After reading Erika’s post over at Dorky Mom Doodles, I almost commented in 700 words, but then I realized, I could reply in my very own blog and hold all my readers hostage instead.
Four kids. Three of my kids could get awards in tidiness avoidance.
Sissy was the tidiest one. Her thing was definitely to put things in a place, just not necessarily consistently in the right place. I’d say crazy things like, “Why don’t we put the jewelry in the jewelry box and tights in the sock drawer? Maybe we don’t want doll clothes in the desk?” Still, she kept the floor clean and made her bed. Shoes all in a row.
She would do clean naughty things, like rearrange the pantry and misplace foods she didn’t care for.
The rest of them, to varying degrees, have been slobby.
Bubba had been tidy. I dunno. He went from being one of those kids who separated his white socks from his dark socks to one of those kids wherein you open his door and your mother comes out of your mouth and you talk about pig sties and drawin bugs and “HOW DO YOU EVEN FIND ANYTHING!?” Many, many times, I helped him clean and organize his room before I decided that he was a good kid, wasn’t in trouble, made the grades, and if he wanted to live in filth, perhaps that was none of my business.
I know, I know, I could’ve made him meet my expectations. I’m sure you’re very disappointed in me.
It was easy to see why he didn’t like to clean his room. He had no attention span, plus, by the time he regretted his mess, it’d be overwhelming. Think Absent-Minded Professor. Natural consequences won out, and he’s not a walking disaster now.
Now, Bubba comes home to visit and complains about his sisters. This boy one who peed all over their bathroom as a kid is now rather irritated by straightening irons and wet washcloths.
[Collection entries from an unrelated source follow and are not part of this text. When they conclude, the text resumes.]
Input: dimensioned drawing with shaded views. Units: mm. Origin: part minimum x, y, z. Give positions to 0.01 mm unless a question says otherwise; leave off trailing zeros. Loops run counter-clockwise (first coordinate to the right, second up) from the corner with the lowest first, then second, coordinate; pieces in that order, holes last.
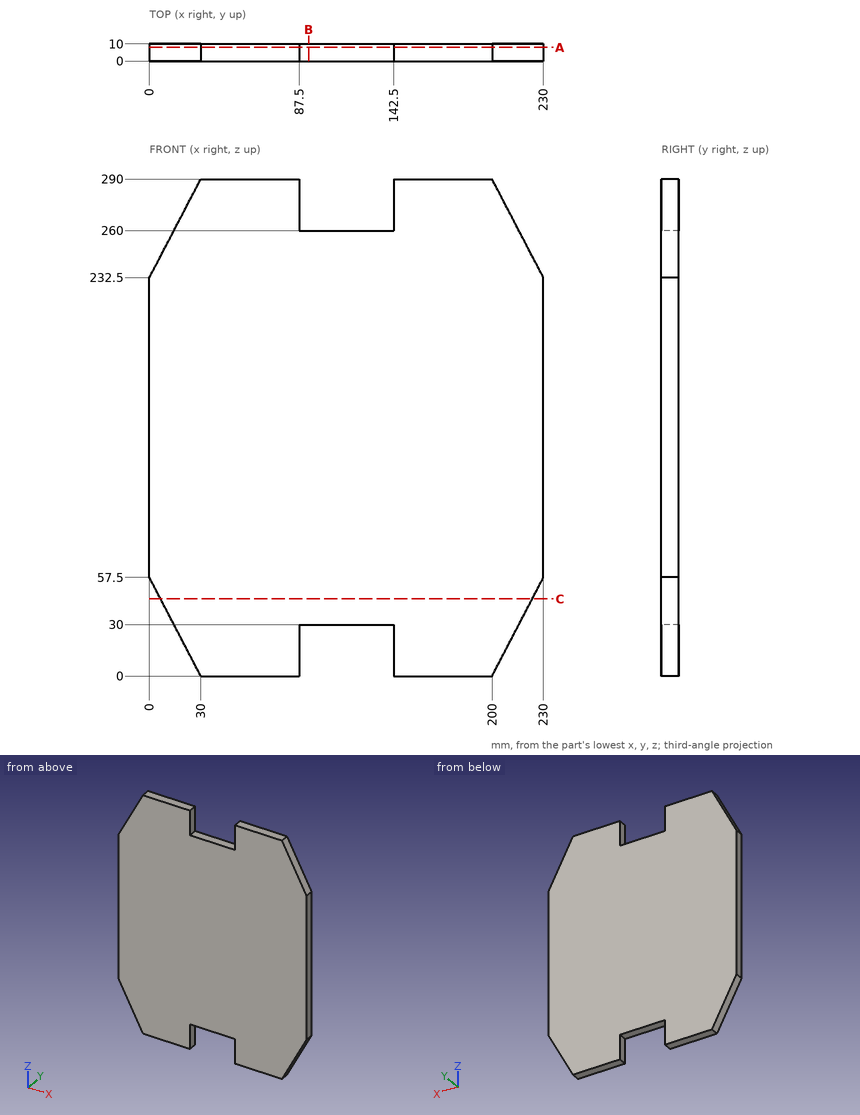
Item 1: Section query A-A on y = 8. Return loops of the section in (x, z).
Values follow:
outline: (0, 57.5) - (30, 0) - (87.5, 0) - (87.5, 30) - (142.5, 30) - (142.5, 0) - (200, 0) - (230, 57.5) - (230, 232.5) - (200, 290) - (142.5, 290) - (142.5, 260) - (87.5, 260) - (87.5, 290) - (30, 290) - (0, 232.5) - close
Item 2: Ray query, probe 1 along X at (y, z) = (4.5, 277); probe 2 along Z at (x, y) = (12, 2.5); probe 3 along Z at (x, y) = (100, 1.5). Return the intervals inside material, ascending.
Values follow:
probe 1: x = 23.22 to 87.5, 142.5 to 206.78
probe 2: z = 34.5 to 255.5
probe 3: z = 30 to 260
Item 3: Pin query (flat end, axial travel): pin 1 (5 mm diameter, centred on x = 104.5, y = 3, fed in from -Z); pin 2 (6 mm diameter, centred on y = 2, z = 239, fed in from -X); pin 3 (4 mm diameter, centred on y = 8, z = 38, fed in from -X). Return the tip coordinate at first contact, or that it passes through.
Values follow:
pin 1: stops at z = 30
pin 2: stops at x = 1.83
pin 3: stops at x = 9.13
Item 4: Section query C-C on z = 45. Return loops of the section in (x, y).
Values follow:
outline: (6.52, 0) - (223.48, 0) - (223.48, 10) - (6.52, 10) - close
Item 5: Section query B-B on x = 93. Return loops of the section in (y, z).
Values follow:
outline: (0, 30) - (10, 30) - (10, 260) - (0, 260) - close

In Sassy’s defense, her room is crowded. Her room is taken up by larger furniture with AMPLE STORAGE. In teenager, ‘ample storage’ translates to ‘unseen’ and is therefore threatening to one’s sense of self-expression. To truly be loved, all the belongings of Sassy must be visible for worship at all times. We must all walk on the clothes, blankets, and stuffed animals that live in such a wonderland of demonstration. But look out for glasses in the plush zoo, because Sassy’s a cup hoarder like no other. I think it’s a recessive gene from her auntie, who was the same at her age. Let me help you understand: If all the glass tumblers are clean and in the cabinet, there’s not actually room for them. Usually the shelf is empty by half.
Sassy’s too busy to clean, so generally it’s “You can’t go until your room is clean.”
Again, I can’t complain, she’s a good kid who makes the grades and stays out of trouble. So she lives like a messy vampire with a stuffie fetish and an insatiable thirst for swate tay, whaddya gonna do?
Moo is basically Sarah Cynthia Sylvia Stout. Even when she ‘cleans’ her room, it’s not clean and it often has a smell. “How wet was that towel when it died on the floor?” “Did a cat puke in here?” “Phew! Is this a nail salon?” Moo’s usual methods for clean room avoidance are “It’s not that bad,” and “I have homework.” Actually, Moo uses homework as an excuse to try to get out of everything… and she goes to bed first, like, willingly, even though she knows the towels in the dryer are hers to fold… and there’s still a basket of jeans outside her door…
Moo was the first kid to ask, “If Bubba’s room can be messy, why can’t mine?” This is dangerous territory for parents. I’ve said it before and I’ll say it again: I truly believe Bubba gave Moo lessons in how to make and hide messes. But she’s a good kid, stays out of trouble, eats her broccoli, and makes good grades.
My own room is not dirty or messy. But, if you walk over to my side of the bed, the non-murder-you-can’t-see-it-from-the-doorway side, you may find assorted discarded pajamas on the floor. You will absolutely find ten thousand used kleenexes, a dozen hairbands, and if you look closely enough — maybe crawl around on the floor — you might find the remote I never can.
Rumor has it that I was a slobby kid. I don’t know if that’s true, because my parents are neat freaks. In terms of kids’ rooms cleaner and tidier than my own kid room, I remember only two, The Mister’s and Kiwi’s — and their parents are also neat freaks. Our kids say we are, but they’re wrong, they’re slobby and wrong! They tell us their friends’ rooms are much worse, but we don’t know.
I’d ask you if you’re slobby or accused of being a neat freak, but the truth is, I don’t care, cause you don’t live here. Still, feel free to comment.